RECORDS FOR THIS EXERCISE =
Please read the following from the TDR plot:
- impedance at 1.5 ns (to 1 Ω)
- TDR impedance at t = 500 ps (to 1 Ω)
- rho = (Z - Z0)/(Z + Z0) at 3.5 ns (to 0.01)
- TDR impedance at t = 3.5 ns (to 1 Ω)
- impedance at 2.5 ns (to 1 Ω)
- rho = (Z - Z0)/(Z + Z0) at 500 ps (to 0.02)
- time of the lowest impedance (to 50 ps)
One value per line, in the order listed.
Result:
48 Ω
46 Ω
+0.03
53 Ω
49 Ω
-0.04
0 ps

...

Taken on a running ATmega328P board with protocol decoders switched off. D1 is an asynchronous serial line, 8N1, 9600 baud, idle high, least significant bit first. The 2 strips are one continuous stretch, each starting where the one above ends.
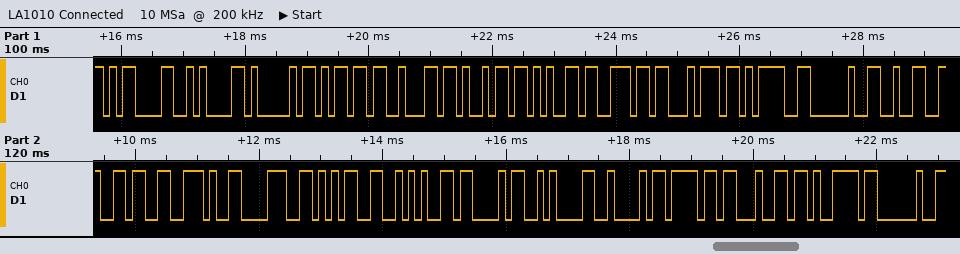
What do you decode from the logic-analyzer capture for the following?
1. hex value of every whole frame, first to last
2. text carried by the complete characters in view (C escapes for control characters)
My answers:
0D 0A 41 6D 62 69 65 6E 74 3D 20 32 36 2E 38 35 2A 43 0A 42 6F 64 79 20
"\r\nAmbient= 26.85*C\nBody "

WORK TASK =
Reproduce exactly, and only, the part of the listing above that begins at the line with "Please read the" and goes on through the line with "One value per line, in the order listed.".

ANSWER SPACE =
Please read the following from the TDR plot:
- impedance at 1.5 ns (to 1 Ω)
- TDR impedance at t = 500 ps (to 1 Ω)
- rho = (Z - Z0)/(Z + Z0) at 3.5 ns (to 0.01)
- TDR impedance at t = 3.5 ns (to 1 Ω)
- impedance at 2.5 ns (to 1 Ω)
- rho = (Z - Z0)/(Z + Z0) at 500 ps (to 0.02)
- time of the lowest impedance (to 50 ps)
One value per line, in the order listed.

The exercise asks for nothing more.